# Linked belts?



## Splat (Mar 2, 2013)

As you guys know, your brain starts thinking ahead about other parts/issues even while you're still working on a particular part.   So as I'm rebuilding my Heavy 10's apron I got to thinking about the linked belts. My belt's in good shape. I have used a link belt on my drill press but that uses v pulleys. On these lathes we have the flat pulleys so I'm wondering how well a linked belt would work. So anyone here converted to a linked belt and how's that working for you?


----------



## Halligan142 (Mar 2, 2013)

I hate these belts with a passion.  I use them as emergency belts at my job (HVAC) when I don't have the correct size but replace them on my next trip.  They are noisy and tend to flex and break on higher torque motors especially in cold weather.  They're expensive also (compared to regular belts)  They're meant to take the load on their sides.  They are also quite thin so you will probably get slippage.  If you do plan on running one run it inside out with the tabs facing up.  IMHO for the amount of effort in getting it and installing it it would be just as easy and probably work out better to get a automotive serpenting belt and stitch or glue it together.  Just my .02


----------



## pjf134 (Mar 2, 2013)

Two years ago I got my SB9A and needed a belt so I went to HF and picked up a link belt for 20 bucks for a temp fix until I could do a rebuilt and add a serp. belt and liked it so much I used it after the tear down. It runs quiet and does not slip as I did jam it once while doing a cut off and the v belt motor belt slipped but not the link belt. I do not know if the under mount lathes have enough room for the belt since mine is a bench mount. My link belt runs on the center of the flat pulleys after adjusting the counter shaft unit. The pic shows the way I use it when I first put it on before the rebuild as I had to make a part first. The lathe looks a lot better now and runs perfect with the link belt. I will keep the link belt and never go back to a flat belt.
Paul


----------



## fastback (Mar 2, 2013)

I have both red and green link belts.  They seem to be made of the same or similar material.  I use the automotive serpentine for my 10L.  I glued mine and it has been in place since I rebuilt the lathe.  That is 3 or 4 years.  All done with super glue, I still can't believe it.


----------



## Splat (Mar 2, 2013)

fastback said:


> I have both red and green link belts.  They seem to be made of the same or similar material.  I use the automotive serpentine for my 10L.  I glued mine and it has been in place since I rebuilt the lathe.  That is 3 or 4 years.  All done with super glue, I still can't believe it.

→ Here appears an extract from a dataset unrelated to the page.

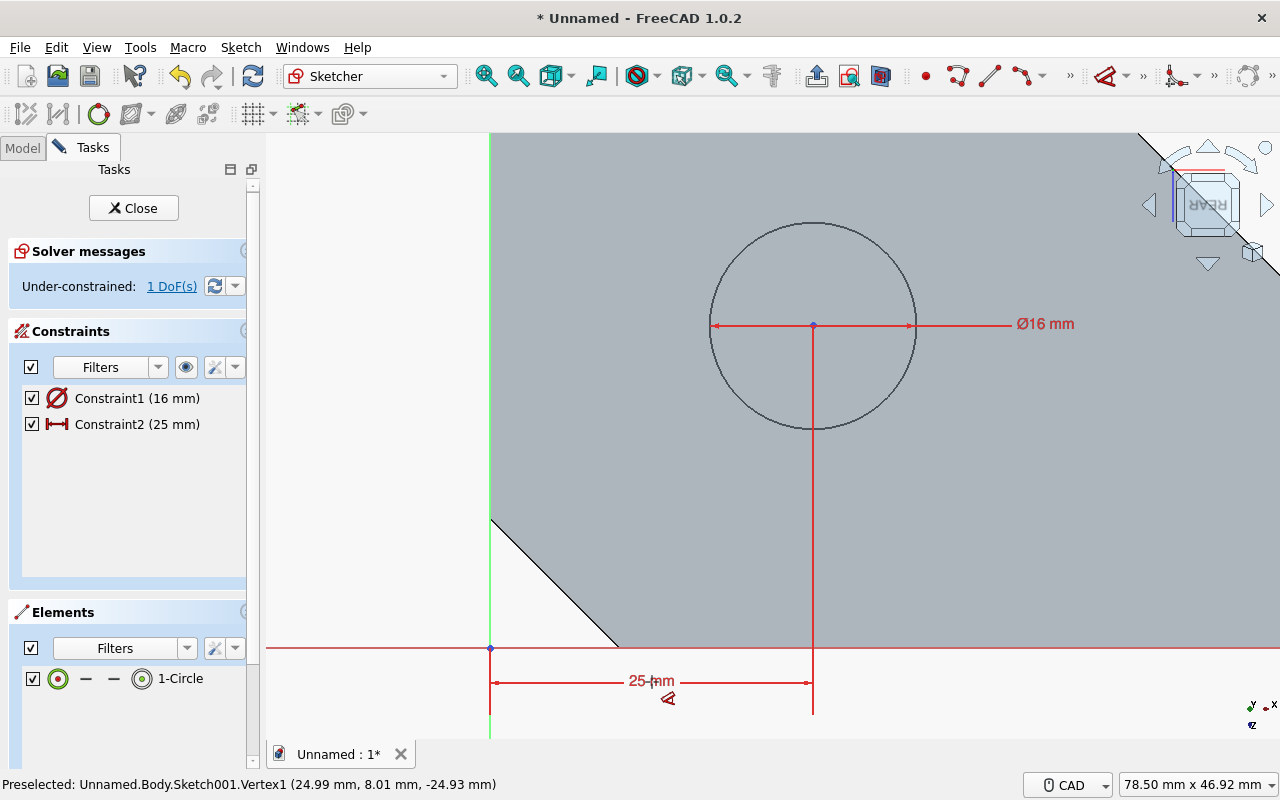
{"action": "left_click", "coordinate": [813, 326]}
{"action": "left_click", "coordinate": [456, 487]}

Super glue, really?! Wow, I'm surprised it's holding for you....I just wouldn't have thought it would hold up buit I'm glad it is.


----------



## GaryK (Mar 2, 2013)

shawn said:


> I had a link belt on my SB lathe and it was always slipping, I finally went to a serpentine belt that I stitched together with dental floss and it is 100% better. Its quieter and doesn't slip at all. I have 7-8 hours on the dental floss stitching and it shows absolutely no sign of giving up the ghost.
> 
> Shawn



Kevlar thread is great for stitching belts together.. If it will stop a bullet it should hold your belt together.

Gary


----------



## ScrapMetal (Mar 2, 2013)

I mulled over going with a lot of different options for a new belt but finally decided to stay with something "traditional".  I went with a "laced" belt from *AL BINO MACHINING &** CUSTOM FLATBELTS*  although I did opt for the 3-ply black poly nitrile instead of leather.  The "laced" refers to the metal loops on the ends of the belt that is joined by a pin, kind of like a hinge.

I'm very impressed with the belt.  It has plenty of "grip" and feels like it could last forever.

JMHO

-Ron


----------



## bedwards (Mar 2, 2013)

I have two link belts from H/F on my Sheldon and they have done well. They are quiet and don't slip and they are American made. I bought them originally so I wouldn't have to remove the spindle to change them. I want to get a set for my Model O Mill but it takes wider belts and I haven't found them yet.




bedwards


----------



## Halteclere (Mar 11, 2013)

The green link belts and the red link belts come from different manufactures, Fenner Drives makes a "PowerTwist" series of links that primarily come in red, but the website also shows black belts. BDH Inc. standard link belts are green. Both companies offer link belts in a range widths, and have other belt solutions. From what I've read in woodworking forums, link belts reduce vibrations over the long term compared to standard "V" belts because link belts won't develop a memory of being bent around a pulley if the machine spends a lot of time sitting. 

I purchased a size "A" link belt (1/2" wide) and a size "B" link belt (5/8" wide) directly from BDH. It was cheaper to buy the 1/2" belt directly from the manufacture than what I could get through HF or any woodworking supply stores, and no suppliers had any 5/8" belts. Making a small order from the company was a breeze.

I put the 1/2" belt on my jointer, and at the same time did some realignment of the pulleys. It noticeably reduced machine vibration, but I can't say how much was due to the belt, and how much was due to better pulley alignment. So thumb-up here.

I put the 5/8" belt on my 24", 5hp bandsaw but had slippage trouble with some large resawing (15" cut). After replacing the link belt with a "V" belt I no longer had slippage issues. Looking at the link belt I could tell that the belt did not fully fall  into the pulley V and only half of the link sides were in contact with  the pulley rim. I haven't figured out if this slipping is an inherent problem with the link-belts, if the machine has an issue with how the belts are tightened such that I was not able to get the link belt sufficiently tight (I wasn't happy with the tension that I could get), or if the "V" belt that was on the machine, and which I matched my link belt size to, was an incorrect size that had been installed by the previous owner. 

Ultimately I have no complaints when using a link belt on a machine where I have not heavily loaded down, but did not have good results, for reasons not entirely known, on a machine under heavy load.


----------



## firemech (Mar 11, 2013)

I still use the leather belt with stitching (thread not metal clips). Seems to work good on my 9A


----------